To demonstrate the effectiveness of the approach presented in this paper, we first compare the PCA-based approach with an ROM based on Gram–Schmidt orthonormalization (Gogu 2015) for a 2D benchmark compliance minimization problem. Next, we use two benchmark 3D tests and minimize the structural compliance with the classical SIMP (single isotropic material with penalization) assumption. The elastic parameters: maximum and minimum (dimensionless) Young’s moduli Enominal = 1 and \(E_{{\min \limits } }=10^{-9}\), Poisson’s ratio ν = 0.3. The penalty factor p = 3 and a density filter radius of 1.5 has been applied in both cases.

As an alternative to the frequently used optimality criteria approach (Saxena and Ananthasuresh 2000; Yin and Yang 2001; Sigmund 2001), we have used the method of moving asymptotes (Svanberg 1987, 2002) for the optimization loop in this work. This method is based on a convex representation of the objective function and is conveniently adapted to the problem of topology optimization due to its ease of use. The method has already been demonstrated to work very well on a vast variety of topology optimization problems (Bendsoe and Sigmund 2004; Aage and Lazarov 2013), and lends itself to increased scalability due to the separable nature of the convex approximation.

3.1 2D case: ROM comparison between Gram–Schmidt and PCA

As has been mentioned in the introductory section, a ROM approach for topology optimization using Gram–Schmidt orthonormalization was proposed in Gogu (2015).
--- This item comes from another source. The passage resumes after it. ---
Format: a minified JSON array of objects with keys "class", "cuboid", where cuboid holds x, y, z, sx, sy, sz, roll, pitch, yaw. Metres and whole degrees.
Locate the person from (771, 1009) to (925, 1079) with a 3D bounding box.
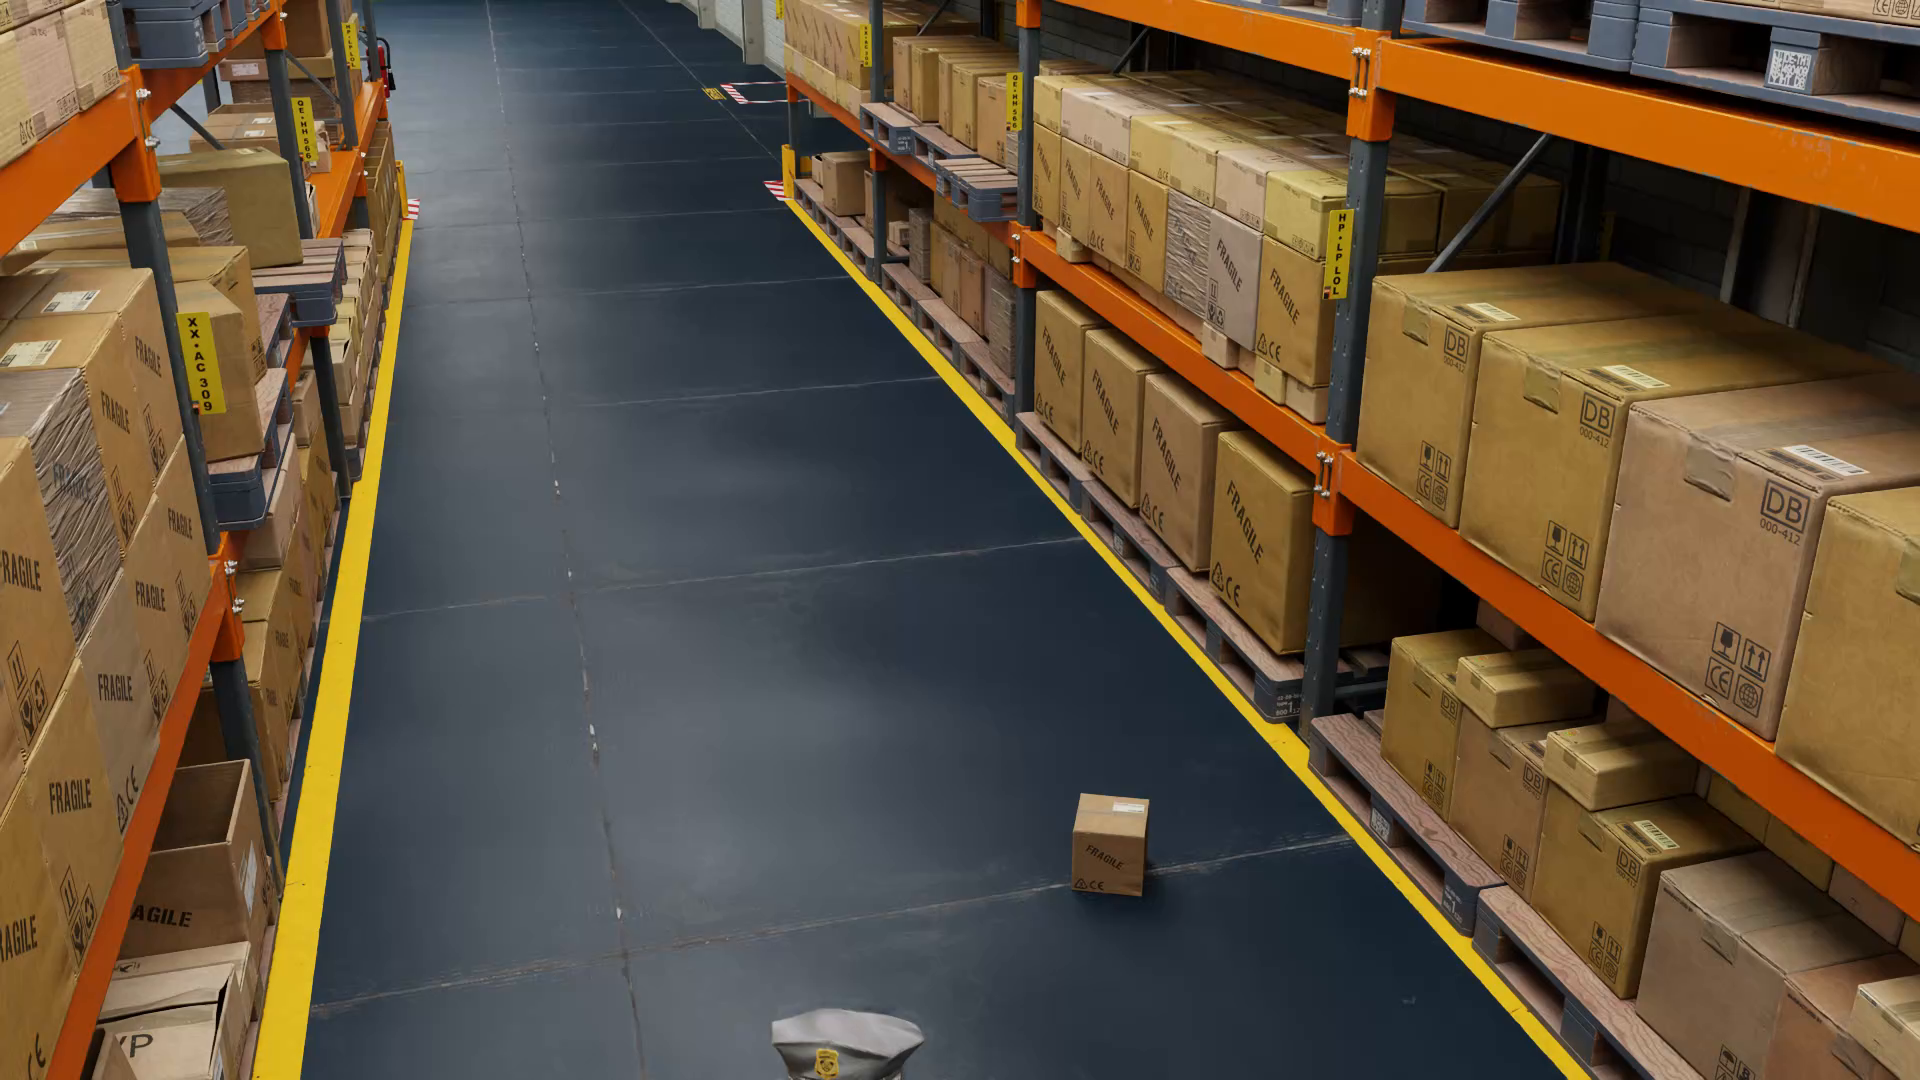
[{"class":"person","cuboid":[-0.167,1.546,2.861,0.532,1.735,0.871,2,23,6]}]

To compare our proposed approach, i.e., PCA-based on-the-fly reduced-order model, we use the same classical benchmark 2D Messerschmitt–Bolkow–Blohm (MBB) problem (Fig. 1) to assess computational effort, time and accuracy.

Fig. 1
figure 1

2D Messerschmitt–Bolkow–Blohm (MBB) benchmark problem

The problem parameters have been set as follows: 150×50 and 600×200 (voxel) FE mesh/grid, nominal, and minimum (dimensionless) Young’s moduli Enominal = 1 and E\(_{{\min \limits } } =\) 10− 9, Poisson’s ratio = 0.3, a maximum allowable volume fraction νf of 0.5, a penalization factor p = 3, and a density filter radius of 1.5, with the optimization iterations stopped when the density variation within any of the elements is less than 1%.

In order to ensure the convergence of each result of every test, we may set a larger value for the maximum number of iterations: here we set 6000, just to be on the safer side. For both ROM, the number of PCA modes Nb is selected as 4, residual threshold 𝜖rb is selected as 0.01. All these parameters are fixed, allowing us to change the filter size \(r_{{\min \limits } }\) on both convergence speed and accuracy of the objective function. The optimized topology and corresponding computing results are summarized in the following discussion.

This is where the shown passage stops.